暇つぶしに2年の生徒が使い魔と戯れているのを見るとどうやら学院が雇用しているであろう使用人がこちらに向かってきた。年はルイズたちとあまり変わらぬくらいか。
「あの、あなたがミス・ヴァリエールの使い魔になったっていう……」
「耳が早いな」
「騎士が使い魔になったって噂になっていますから」
「君はメイジではなく雇われの使用人か?」
「ええ、私はここでメイドをさせていただいてる平民のシエスタです」
「俺はモルガン、あまり畏まらなくていい、俺とて平民さ」
「え、そうなんですか!?てっきり貴族の方かと……」
「まぁ真似事のようなものだ」
魔法を使うことができるならモルガンはメイジであり貴族と呼ばれるに然りある。とはいえハルケギニアの世界ではハルケギニアの魔法を使う者を貴族と呼ぶ。その律に従うのであればモルガンは貴族ではないと言えよう。
「何かの縁だ、手伝って欲しいことがあるならいってくれ」
「あら、ありがとうございます。では……」
モルガンはシエスタに言われ束の間だが給仕の仕事を手伝うことになった。
空いている卓に菓子を置いたがどうも座っている2人の会話がギスギスしている。どうやら恋人の二股疑惑らしい。関係ないことだと思い離れると金髪の男がこちらの方向にある何かを見るなりすぐに彼女を連れてその場を離れようとした。その方向を見やると周りをキョロキョロと見ている茶髪の長い女子が居た。恐らくは二股疑惑の女子だろう。
「ギーシュさま、どちらに……」
「金髪の男ならあそこにいるぞ」
「あっ、ギーシュさま!」
「わっ、け、ケティ……!」
「探しておりましたわ、夕べ話していた手作りのスフレ、お茶会にと思いましたの」
「あっ、そ、それはいいね……」
明らかに男が動揺している。
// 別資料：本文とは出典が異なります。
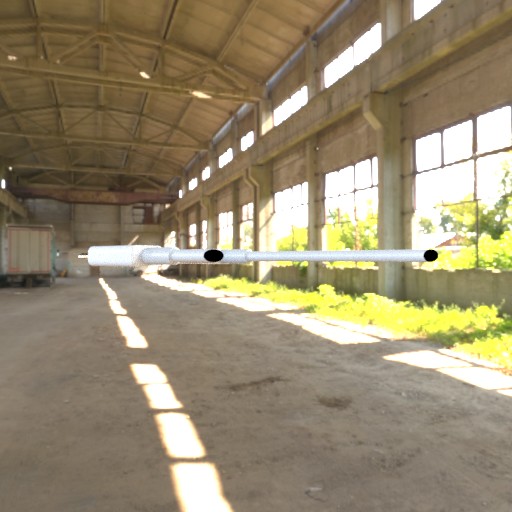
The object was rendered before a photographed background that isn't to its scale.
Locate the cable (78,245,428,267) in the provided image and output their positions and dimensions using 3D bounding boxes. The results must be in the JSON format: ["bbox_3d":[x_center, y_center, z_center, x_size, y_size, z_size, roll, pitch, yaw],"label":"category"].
[{"bbox_3d":[0.000,0.000,0.113,0.098,0.006,0.040,0,0,36],"label":"cable"}]
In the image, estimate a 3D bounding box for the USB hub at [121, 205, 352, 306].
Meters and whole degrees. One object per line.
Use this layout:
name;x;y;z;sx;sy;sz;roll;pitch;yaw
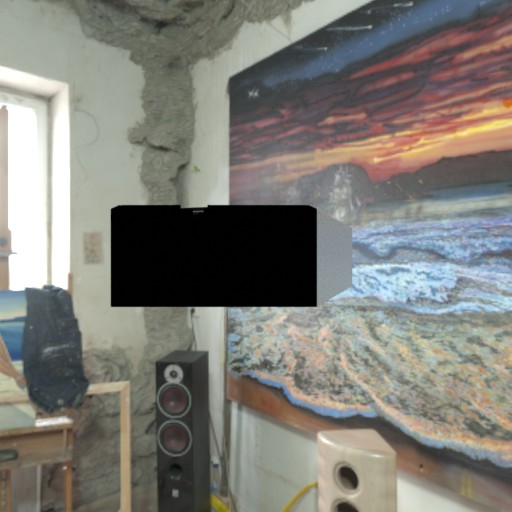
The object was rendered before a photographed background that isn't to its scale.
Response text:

もはや疑惑でなく確定か。それに加え金髪の縦ロールの女子が夕べ……?と怪訝な顔をしている。何も知らないようだ。ギーシュという男が取り繕うももはや収集がつかない。ますます二人の女子の反応が悪くなる。
「あぁモンモランシー、その薔薇のような顔を怒りで歪ませないでおくれ!………と、とにかく、二人とも落ち着いて…」
「「嘘つき!!」」
勢いの良い平手打ち二発。取り巻きが笑ってるなか、ギーシュという男が公衆の面前で恥をかかされたからか、怒りの目でこちらを見てきた。逆恨みか。
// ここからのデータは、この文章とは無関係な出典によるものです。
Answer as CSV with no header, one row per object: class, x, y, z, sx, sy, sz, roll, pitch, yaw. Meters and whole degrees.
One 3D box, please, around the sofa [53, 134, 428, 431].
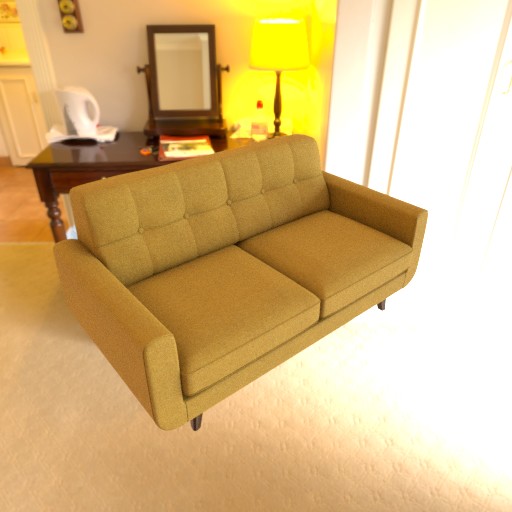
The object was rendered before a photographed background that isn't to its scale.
sofa,0.000,0.000,2.194,1.631,0.841,0.909,-23,38,-33

「君が機転を利かせて時間を稼ぐことだってできたんじゃないか?」
「俺がそれをするほどの義理もなければ頼みも聞いていない。身から出た錆だ。二股なぞしなければいい」
「「そうだぞギーシュ!!お前が悪い!」」
「クッ……君は貴族に対する礼儀を知らないようだね」
「二股するものに礼儀もなにもあるまい」
「!!いいだろう……僕を侮辱し、2人のレディを怒らせた……決闘を申し込む!!場所はヴェストリオ広場で」
「はァ……いいだろう」
決闘がなされることが決まったようで野次馬の生徒たちは盛り上がっている。シエスタはどうしたものかと慌てている。シエスタに大丈夫だと言うがそれでも不安なようだ。それにズカズカこっちに向かってきている足音がある。見やるとルイズがいた。
「今すぐ謝りに行きなさい」
「来ていたのか」
「全部見てたわよ。悪いこと言わないから早く謝りにいきなさい!平民が貴族に勝てるわけないのよ、怪我で済めばいいほうなのよ!」
「……いい機会だ、俺の強さをみせてやる」
「って……あぁもう!」
律無き世界で初めての戦闘が行われようとしていた。
ダークソウル4とか未だに待ってる。ファランの大剣とか綻び刀とか輪の騎士の直剣とか自分の心に刺さりすぎた。